### Extracted data entries
• • • •

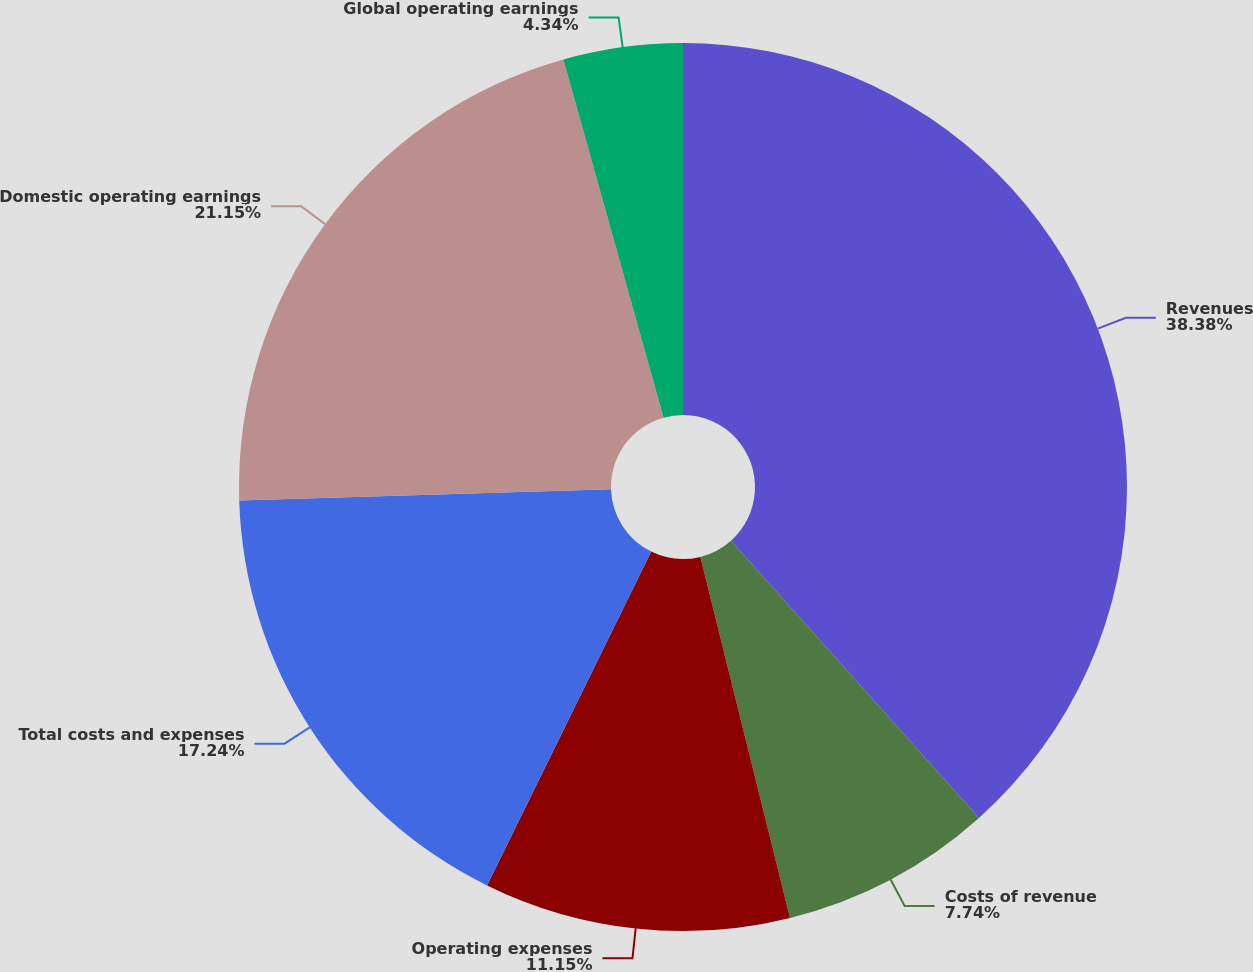Convert chart. <chart><loc_0><loc_0><loc_500><loc_500><pie_chart><fcel>Revenues<fcel>Costs of revenue<fcel>Operating expenses<fcel>Total costs and expenses<fcel>Domestic operating earnings<fcel>Global operating earnings<nl><fcel>38.39%<fcel>7.74%<fcel>11.15%<fcel>17.24%<fcel>21.15%<fcel>4.34%<nl></chart> 
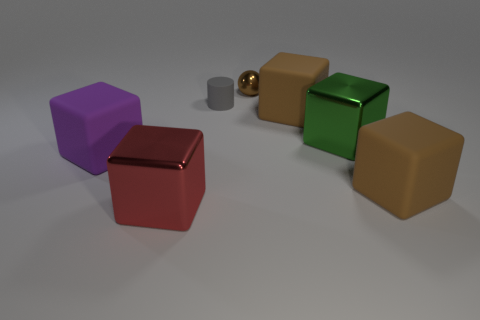Are the red thing and the small cylinder made of the same material?
Your answer should be compact. No. Does the small matte object have the same color as the ball?
Make the answer very short. No. How many other gray objects have the same shape as the small gray rubber object?
Keep it short and to the point. 0. The green thing that is the same material as the small brown ball is what size?
Make the answer very short. Large. Is the gray cylinder the same size as the brown shiny ball?
Make the answer very short. Yes. Is there a big red metal cube?
Ensure brevity in your answer.  Yes. There is a metallic block to the right of the brown block that is left of the brown block that is in front of the purple rubber thing; what is its size?
Offer a very short reply. Large. How many other balls are made of the same material as the small sphere?
Make the answer very short. 0. What number of red metallic cubes have the same size as the green shiny cube?
Provide a succinct answer. 1. What material is the big brown object behind the rubber cube left of the metallic thing that is in front of the large purple rubber block?
Offer a very short reply. Rubber. 
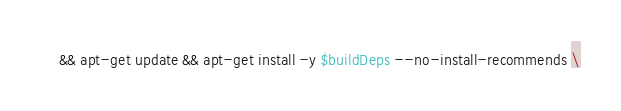Convert code to text. <code><loc_0><loc_0><loc_500><loc_500><_Dockerfile_>	&& apt-get update && apt-get install -y $buildDeps --no-install-recommends \</code> 
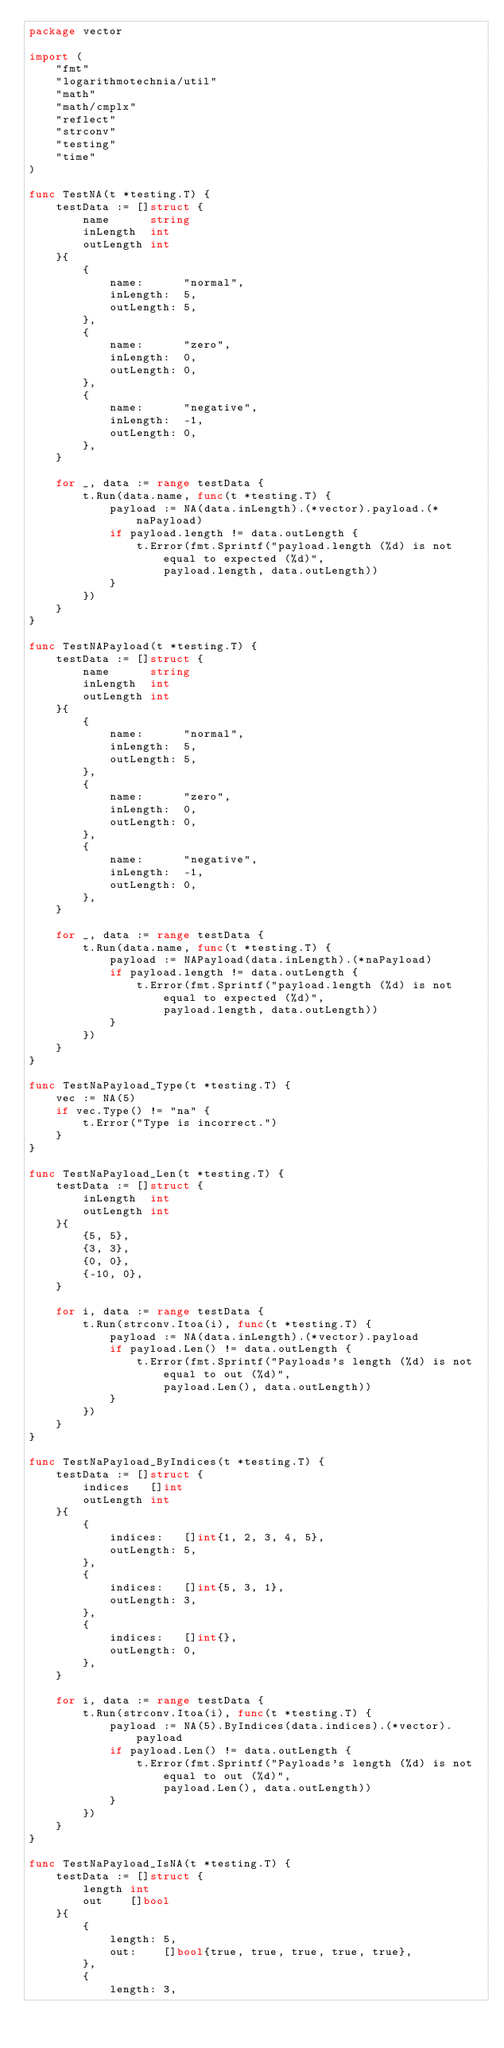Convert code to text. <code><loc_0><loc_0><loc_500><loc_500><_Go_>package vector

import (
	"fmt"
	"logarithmotechnia/util"
	"math"
	"math/cmplx"
	"reflect"
	"strconv"
	"testing"
	"time"
)

func TestNA(t *testing.T) {
	testData := []struct {
		name      string
		inLength  int
		outLength int
	}{
		{
			name:      "normal",
			inLength:  5,
			outLength: 5,
		},
		{
			name:      "zero",
			inLength:  0,
			outLength: 0,
		},
		{
			name:      "negative",
			inLength:  -1,
			outLength: 0,
		},
	}

	for _, data := range testData {
		t.Run(data.name, func(t *testing.T) {
			payload := NA(data.inLength).(*vector).payload.(*naPayload)
			if payload.length != data.outLength {
				t.Error(fmt.Sprintf("payload.length (%d) is not equal to expected (%d)",
					payload.length, data.outLength))
			}
		})
	}
}

func TestNAPayload(t *testing.T) {
	testData := []struct {
		name      string
		inLength  int
		outLength int
	}{
		{
			name:      "normal",
			inLength:  5,
			outLength: 5,
		},
		{
			name:      "zero",
			inLength:  0,
			outLength: 0,
		},
		{
			name:      "negative",
			inLength:  -1,
			outLength: 0,
		},
	}

	for _, data := range testData {
		t.Run(data.name, func(t *testing.T) {
			payload := NAPayload(data.inLength).(*naPayload)
			if payload.length != data.outLength {
				t.Error(fmt.Sprintf("payload.length (%d) is not equal to expected (%d)",
					payload.length, data.outLength))
			}
		})
	}
}

func TestNaPayload_Type(t *testing.T) {
	vec := NA(5)
	if vec.Type() != "na" {
		t.Error("Type is incorrect.")
	}
}

func TestNaPayload_Len(t *testing.T) {
	testData := []struct {
		inLength  int
		outLength int
	}{
		{5, 5},
		{3, 3},
		{0, 0},
		{-10, 0},
	}

	for i, data := range testData {
		t.Run(strconv.Itoa(i), func(t *testing.T) {
			payload := NA(data.inLength).(*vector).payload
			if payload.Len() != data.outLength {
				t.Error(fmt.Sprintf("Payloads's length (%d) is not equal to out (%d)",
					payload.Len(), data.outLength))
			}
		})
	}
}

func TestNaPayload_ByIndices(t *testing.T) {
	testData := []struct {
		indices   []int
		outLength int
	}{
		{
			indices:   []int{1, 2, 3, 4, 5},
			outLength: 5,
		},
		{
			indices:   []int{5, 3, 1},
			outLength: 3,
		},
		{
			indices:   []int{},
			outLength: 0,
		},
	}

	for i, data := range testData {
		t.Run(strconv.Itoa(i), func(t *testing.T) {
			payload := NA(5).ByIndices(data.indices).(*vector).payload
			if payload.Len() != data.outLength {
				t.Error(fmt.Sprintf("Payloads's length (%d) is not equal to out (%d)",
					payload.Len(), data.outLength))
			}
		})
	}
}

func TestNaPayload_IsNA(t *testing.T) {
	testData := []struct {
		length int
		out    []bool
	}{
		{
			length: 5,
			out:    []bool{true, true, true, true, true},
		},
		{
			length: 3,</code> 
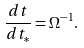<formula> <loc_0><loc_0><loc_500><loc_500>\frac { d t } { d t _ { * } } = \Omega ^ { - 1 } .</formula>

• • • •

### Your assignment
State, as a bare number, how many lines of the records above include "other".

### Answer space
2